A version of Howard that commits himself to creating daylight for John Wall and Bradley Beal, to rolling hard in the half-court and rim-running with a purpose in transition, and to attacking the glass and defending the paint again and again and again, irrespective of how many times he gets an entry pass on the block so he can commandeer a possession, can absolutely still be a very valuable player capable of helping the Wizards vault back into the upper half of the Eastern Conference playoff picture. One who’s intent on proving that he’s adding all sorts of new wrinkles to his repertoire in Year 15, though, might only muddy the waters … and the guess here is that head coach Scott Brooks knows it. From Chase Hughes of NBC Sports Washington:

“Last season was probably the most confident I’ve been in my career as far as just doing everything on the floor; handling the ball, shooting, being more of an offensive threat in iso situations and stuff like that,” Howard said. “I’m going to continue to work on that stuff.” […]

It will be up to head coach Scott Brooks how Howard is used and he thinks the eight-time All-Star is just fine the way he is.

“Definitely, the game has changed, but a lot of times with that change it still remains the same. You need a big and when you have a talented big, you use him,” Brooks said. “He brings a skillset and a talent that only a few guys in the league that can do.”
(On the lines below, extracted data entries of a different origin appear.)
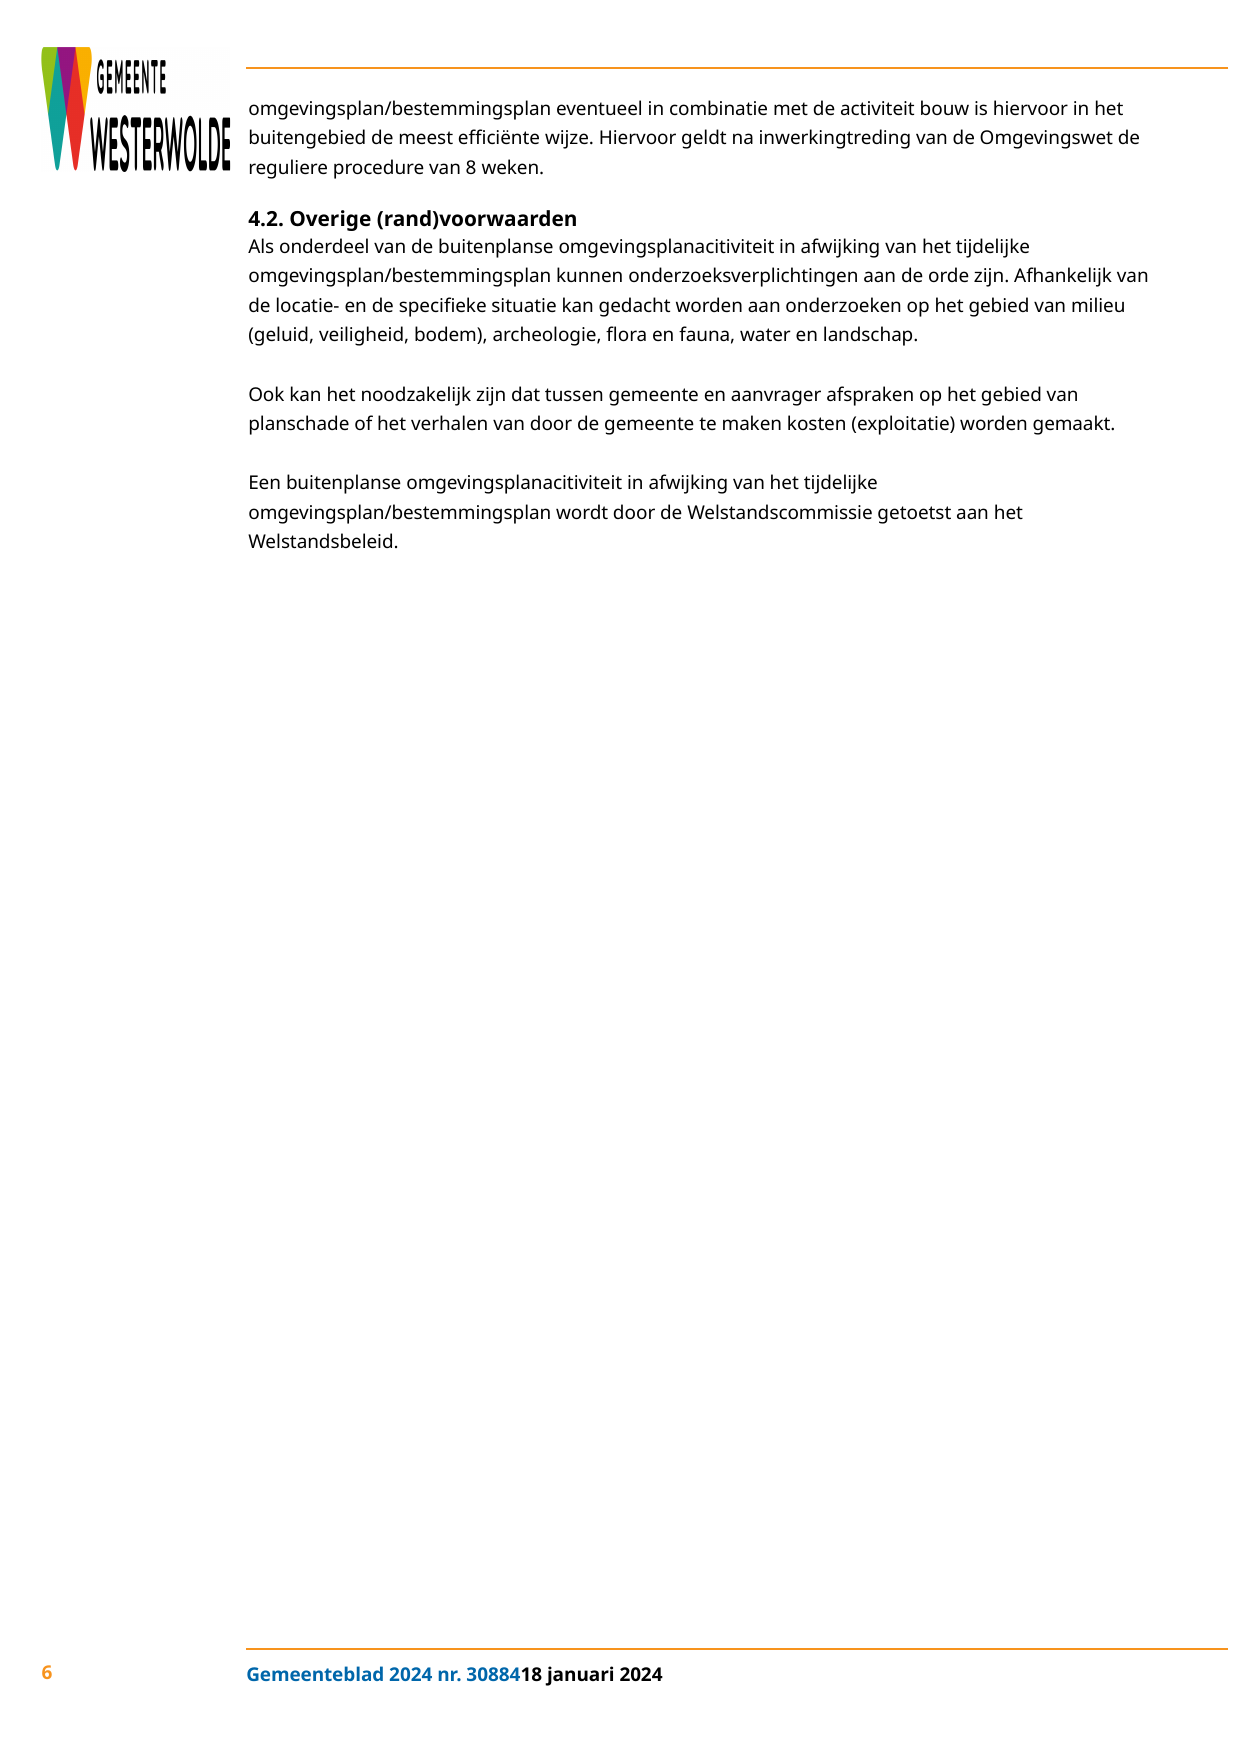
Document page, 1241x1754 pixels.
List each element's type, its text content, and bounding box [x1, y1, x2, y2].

text Een buitenplanse omgevingsplanacitiviteit in afwijking van het tijdelijke omgevingsplan/bestemmingsplan wordt door de Welstandscommissie getoetst aan het Welstandsbeleid. [248, 469, 1152, 554]
text 4.2. Overige (rand)voorwaarden [248, 204, 1152, 233]
text omgevingsplan/bestemmingsplan eventueel in combinatie met de activiteit bouw is hiervoor in het buitengebied de meest efficiënte wijze. Hiervoor geldt na inwerkingtreding van de Omgevingswet de reguliere procedure van 8 weken. [248, 95, 1152, 180]
text Ook kan het noodzakelijk zijn dat tussen gemeente en aanvrager afspraken op het gebied van planschade of het verhalen van door de gemeente te maken kosten (exploitatie) worden gemaakt. [248, 381, 1152, 436]
picture [41, 47, 231, 172]
text Als onderdeel van de buitenplanse omgevingsplanacitiviteit in afwijking van het tijdelijke omgevingsplan/bestemmingsplan kunnen onderzoeksverplichtingen aan de orde zijn. Afhankelijk van de locatie- en de specifieke situatie kan gedacht worden aan onderzoeken op het gebied van milieu (geluid, veiligheid, bodem), archeologie, flora en fauna, water en landschap. [248, 233, 1152, 347]
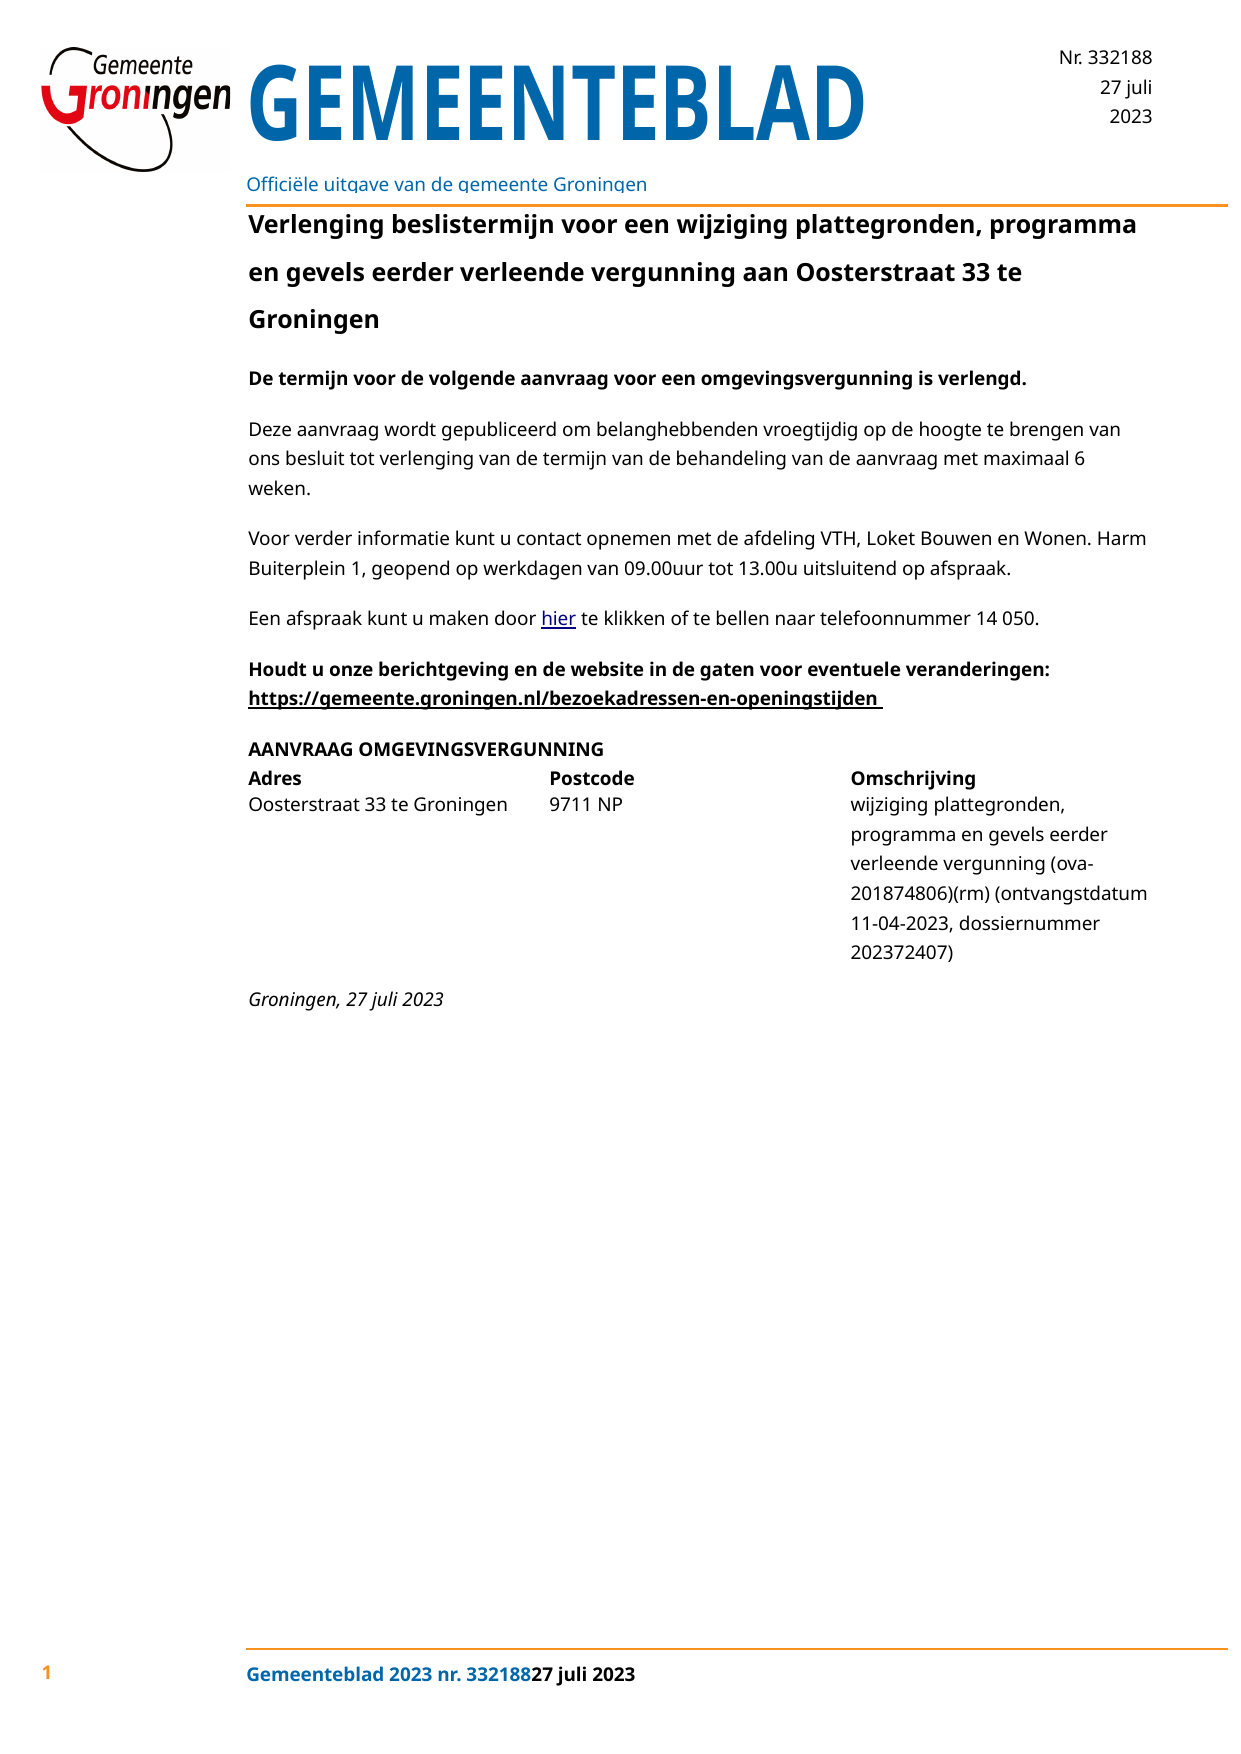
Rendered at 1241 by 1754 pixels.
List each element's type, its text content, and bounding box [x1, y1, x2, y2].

table_header Omschrijving [850, 766, 1152, 791]
text Verlenging beslistermijn voor een wijziging plattegronden, programma en gevels eerder verleende vergunning aan Oosterstraat 33 te Groningen [248, 207, 1152, 336]
text Groningen, 27 juli 2023 [248, 986, 1152, 1012]
text De termijn voor de volgende aanvraag voor een omgevingsvergunning is verlengd. [248, 366, 1152, 391]
text Houdt u onze berichtgeving en de website in de gaten voor eventuele veranderingen: https://gemeente.groningen.nl/bezoekadressen-en-openingstijden [248, 656, 1152, 711]
table_header Adres [248, 766, 549, 791]
text Deze aanvraag wordt gepubliceerd om belanghebbenden vroegtijdig op de hoogte te brengen van ons besluit tot verlenging van de termijn van de behandeling van de aanvraag met maximaal 6 weken. [248, 416, 1152, 501]
table_header Postcode [549, 766, 850, 791]
table_cell 9711 NP [549, 791, 850, 965]
text Voor verder informatie kunt u contact opnemen met de afdeling VTH, Loket Bouwen en Wonen. Harm Buiterplein 1, geopend op werkdagen van 09.00uur tot 13.00u uitsluitend op afspraak. [248, 526, 1152, 581]
table_cell wijziging plattegronden, programma en gevels eerder verleende vergunning (ova-201874806)(rm) (ontvangstdatum 11-04-2023, dossiernummer 202372407) [850, 791, 1152, 965]
table_cell Oosterstraat 33 te Groningen [248, 791, 549, 965]
text AANVRAAG OMGEVINGSVERGUNNING [248, 736, 1152, 762]
picture [41, 47, 231, 172]
text Een afspraak kunt u maken door hier te klikken of te bellen naar telefoonnummer 14 050. [248, 606, 1152, 631]
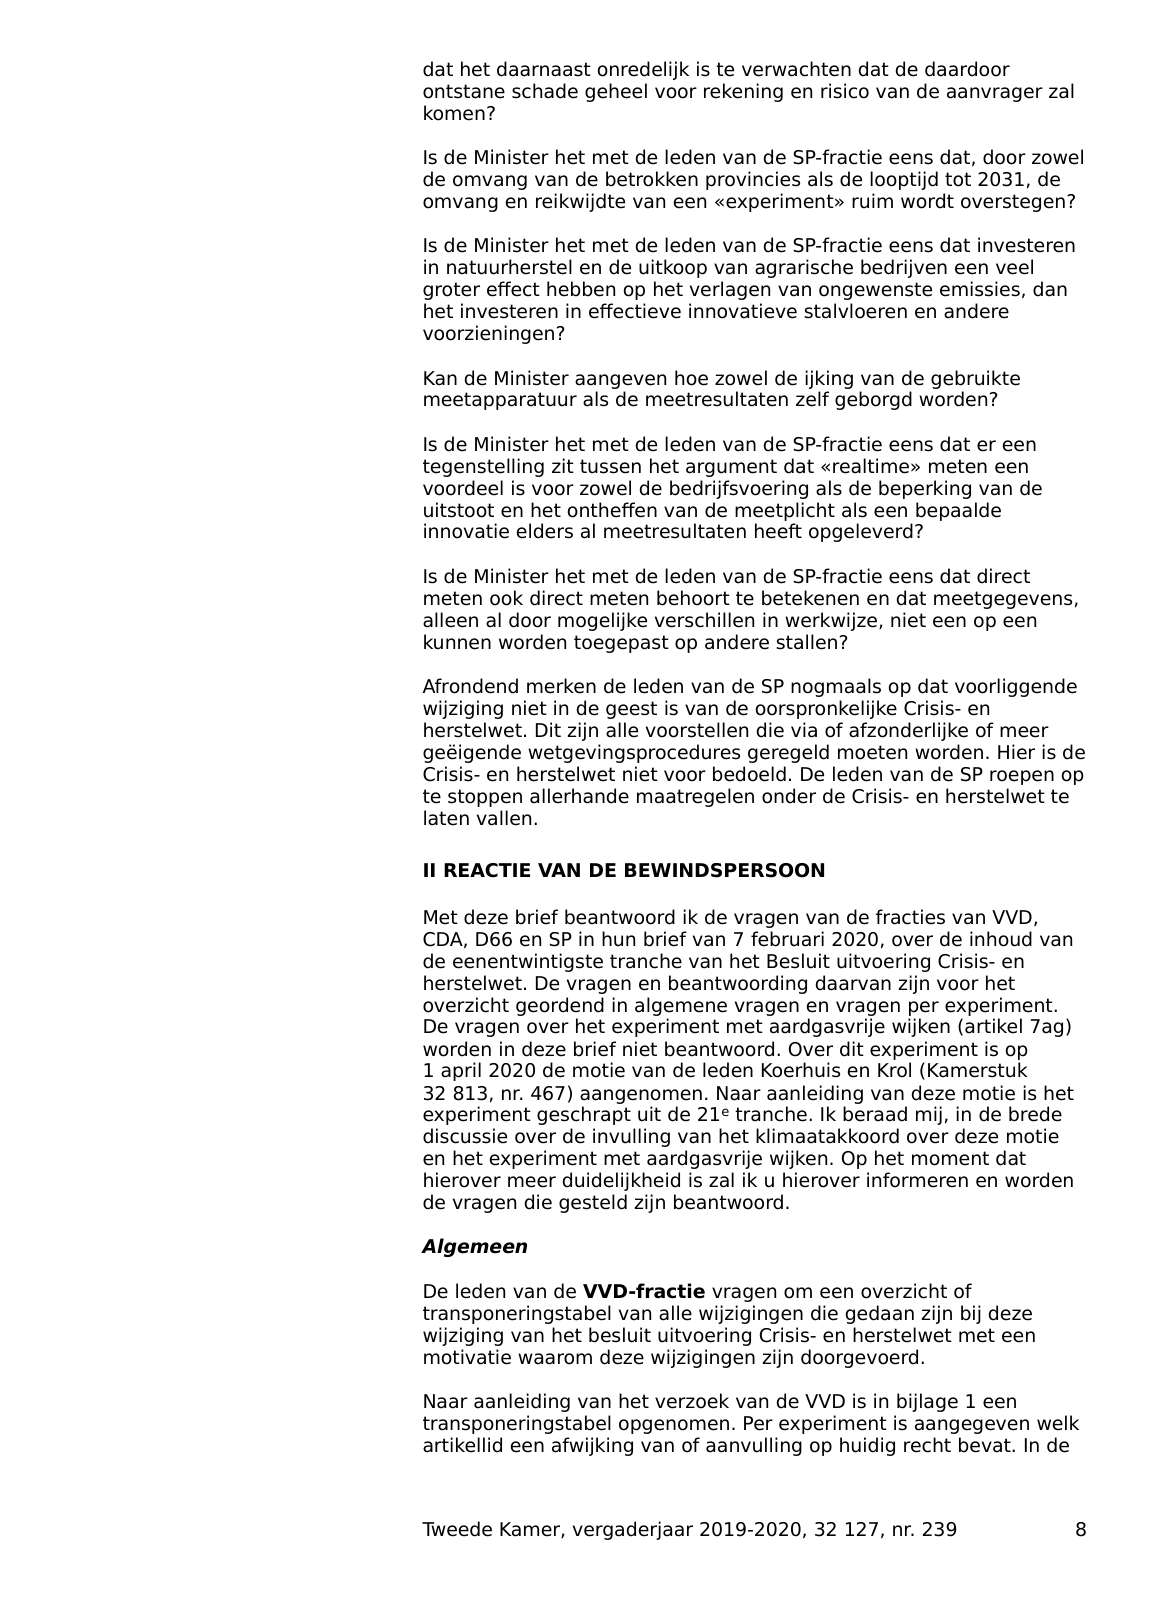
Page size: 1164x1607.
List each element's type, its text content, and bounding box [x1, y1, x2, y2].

text Is de Minister het met de leden van de SP-fractie eens dat investeren in natuurherstel en de uitkoop van agrarische bedrijven een veel groter effect hebben op het verlagen van ongewenste emissies, dan het investeren in effectieve innovatieve stalvloeren en andere voorzieningen? [422, 235, 1087, 345]
text De leden van de VVD-fractie vragen om een overzicht of transponeringstabel van alle wijzigingen die gedaan zijn bij deze wijziging van het besluit uitvoering Crisis- en herstelwet met een motivatie waarom deze wijzigingen zijn doorgevoerd. [422, 1281, 1087, 1368]
text Met deze brief beantwoord ik de vragen van de fracties van VVD, CDA, D66 en SP in hun brief van 7 februari 2020, over de inhoud van de eenentwintigste tranche van het Besluit uitvoering Crisis- en herstelwet. De vragen en beantwoording daarvan zijn voor het overzicht geordend in algemene vragen en vragen per experiment. De vragen over het experiment met aardgasvrije wijken (artikel 7ag) worden in deze brief niet beantwoord. Over dit experiment is op 1 april 2020 de motie van de leden Koerhuis en Krol (Kamerstuk 32 813, nr. 467) aangenomen. Naar aanleiding van deze motie is het experiment geschrapt uit de 21e tranche. Ik beraad mij, in de brede discussie over de invulling van het klimaatakkoord over deze motie en het experiment met aardgasvrije wijken. Op het moment dat hierover meer duidelijkheid is zal ik u hierover informeren en worden de vragen die gesteld zijn beantwoord. [422, 907, 1087, 1214]
text Kan de Minister aangeven hoe zowel de ijking van de gebruikte meetapparatuur als de meetresultaten zelf geborgd worden? [422, 367, 1087, 411]
text Naar aanleiding van het verzoek van de VVD is in bijlage 1 een transponeringstabel opgenomen. Per experiment is aangegeven welk artikellid een afwijking van of aanvulling op huidig recht bevat. In de [422, 1391, 1087, 1457]
text Is de Minister het met de leden van de SP-fractie eens dat, door zowel de omvang van de betrokken provincies als de looptijd tot 2031, de omvang en reikwijdte van een «experiment» ruim wordt overstegen? [422, 147, 1087, 213]
subtitle II REACTIE VAN DE BEWINDSPERSOON [422, 859, 1087, 882]
text Is de Minister het met de leden van de SP-fractie eens dat direct meten ook direct meten behoort te betekenen en dat meetgegevens, alleen al door mogelijke verschillen in werkwijze, niet een op een kunnen worden toegepast op andere stallen? [422, 566, 1087, 653]
text Is de Minister het met de leden van de SP-fractie eens dat er een tegenstelling zit tussen het argument dat «realtime» meten een voordeel is voor zowel de bedrijfsvoering als de beperking van de uitstoot en het ontheffen van de meetplicht als een bepaalde innovatie elders al meetresultaten heeft opgeleverd? [422, 433, 1087, 543]
subtitle Algemeen [422, 1236, 1087, 1258]
text dat het daarnaast onredelijk is te verwachten dat de daardoor ontstane schade geheel voor rekening en risico van de aanvrager zal komen? [422, 59, 1087, 125]
text Afrondend merken de leden van de SP nogmaals op dat voorliggende wijziging niet in de geest is van de oorspronkelijke Crisis- en herstelwet. Dit zijn alle voorstellen die via of afzonderlijke of meer geëigende wetgevingsprocedures geregeld moeten worden. Hier is de Crisis- en herstelwet niet voor bedoeld. De leden van de SP roepen op te stoppen allerhande maatregelen onder de Crisis- en herstelwet te laten vallen. [422, 676, 1087, 829]

The question, now, is whether Howard’s more interested in showcasing his new skills than he is on maximizing his old ones. Yes, it’s an age of unicorns in the NBA, but it seems much more likely that Dwight will be most effective for this year’s Wiz by focusing on getting back to being a thoroughbred than by trying to pull off a pair of cosplay wings. If Howard’s able to take care of his prime objectives — screen-setting, rebounding, controlling the defensive lane, stretching the floor as a lob threat — while also adding the occasional dash of spice on the offensive end, then the Wizards could be in position to take a big step forward. But if Howard, Brooks and Wall can’t find the right balance, then one of the league’s most combustible rosters could wind up blowing up in a big way, scuttling Washington’s chances of making any noise in the shuffled-up East.